We admit to impatience, and only fermented our cabbgae for three days. It was tasty, but it wasn’t “right,” and we’re going back to the drawing board. Next time we’re looking forward to adding radishes — maybe from our own wee garden! — to the mix, doing the soaking properly, and experimenting with a freer hand with the gochugaru. There are many kinds of kimchi and we have many tasty days ahead of us. Meanwhile, if you’re a fan of sauerkraut, this is a fermented cabbage that kicks it up a notch. (And if you’re not a fan of sauerkraut, rejoice; this is nothing like it, really.)
But, we can sense that some of you remain unconvinced. It’s not enough that the probiotics in fermented foods can increase your mental well-being. You’ve seen real kimchi. It’s red and weird and pungent and even snuggled up next to perfectly steamed rice, you can’t imagine putting such foreignness into your mouth. Uh-huh. Well, consider this:
The 2003 outbreak of SARS in Asia virtually left Korea untouched – possibly because kimchi has been shown to boost immunity. Korean chickens infected with the H5N1 (avian flu) virus recovered after eating food containing the same probiotics found in kimchi. The Journal of Nutrition in 2001 reported that kimchi produces beneficial short chain fatty acids which are reported to inhibit the development of invasive colon cancers.

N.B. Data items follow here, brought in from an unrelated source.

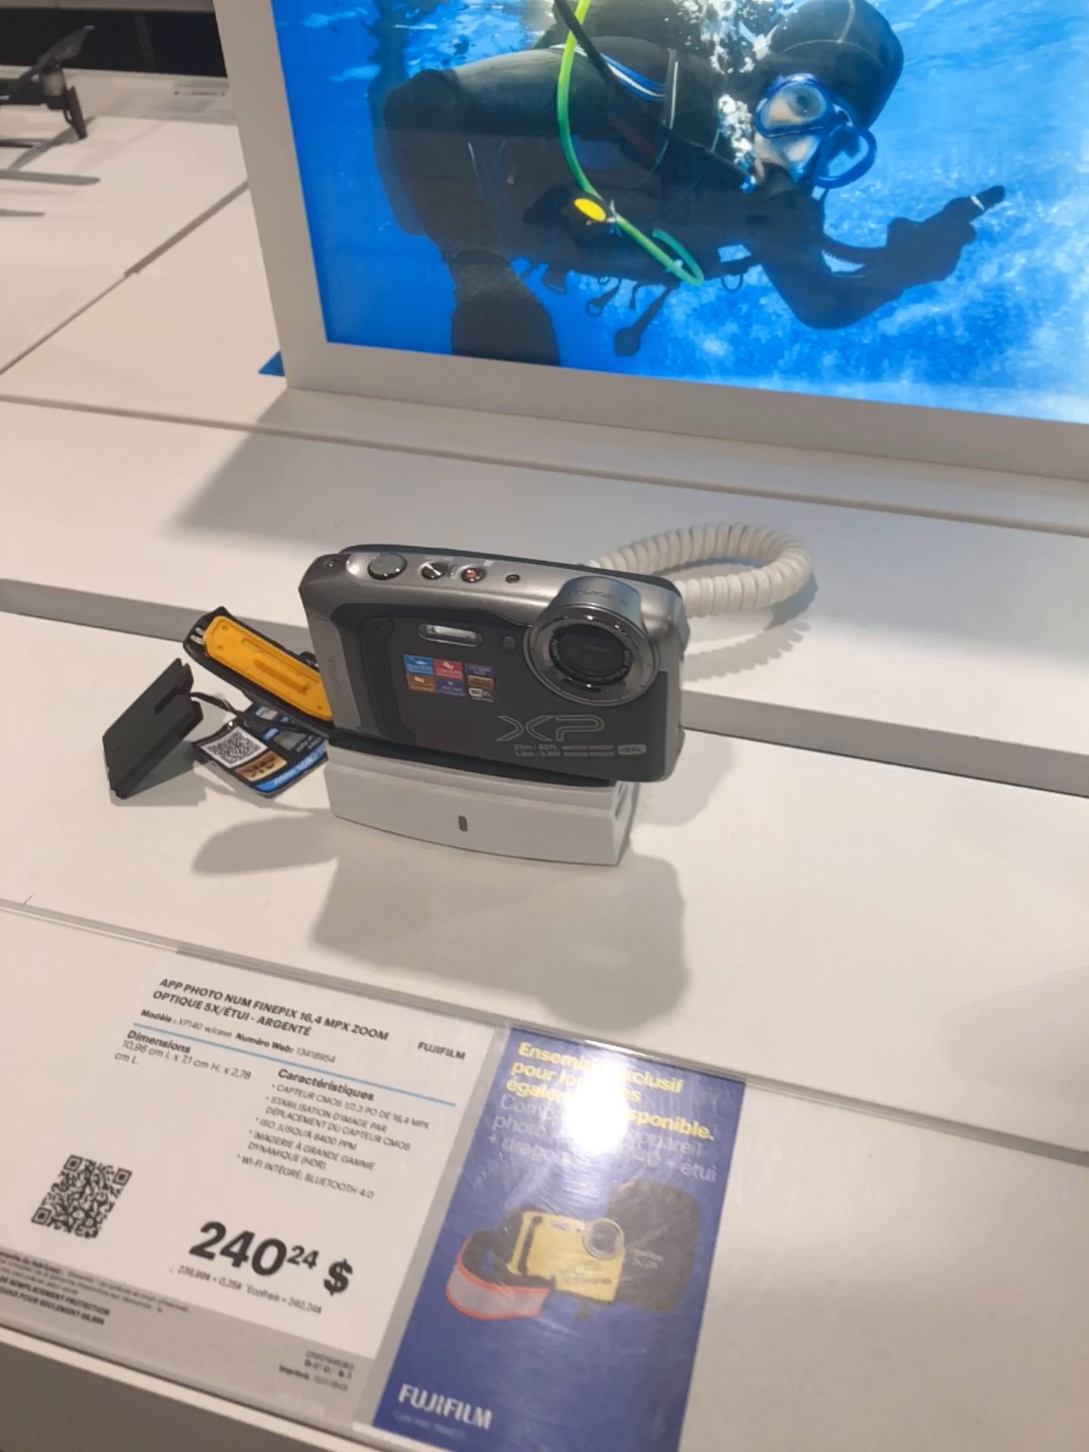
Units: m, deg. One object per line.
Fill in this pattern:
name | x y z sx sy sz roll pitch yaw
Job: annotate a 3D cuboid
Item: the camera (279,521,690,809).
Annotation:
camera | -0.015 -0.017 0.341 0.106 0.069 0.023 8 43 12

Research reported in 2008 revealed kimchi probiotics fighting ulcer-causing Helicobacter pylori bacteria. The Journal of Medicinal Foods abstract adds, “Health functionality of kimchi, based upon our research and that of other, includes anticancer, antiobesity, anticonstipation, colorectal health promotion, probiotic properties, cholesterol reduction, fibrolytic effect, antioxidative and antiaging properties, brain health promotion, immune promotion, and skin health.”
From various studies, kimchi aids in digestion, lowers total cholesterol, is an antioxident, reduces inflamation in skin breakouts, lowers BMI, beefs up the immune system, reduces oxidative stress in blood cells, inhibits the growth of cancer cells, increases glucose tolerance, especially when eaten with a low fat food; inhibits gastric ulcers, combats nutrient depletion, builds stamina and helps prevent yeast infections. Are we at least a little more on-board with this? Hope so. Tune in ’til the next Feat of Fermentation.
*Yes, yes, we know we’re bizarre. Normal people are talking about their home microbrewing when they discuss fermentation. Haven’t you figured out by now that we’re never Those People? Get with the program, folks; even when we’re swanning around in the sky we don’t do “normal” here.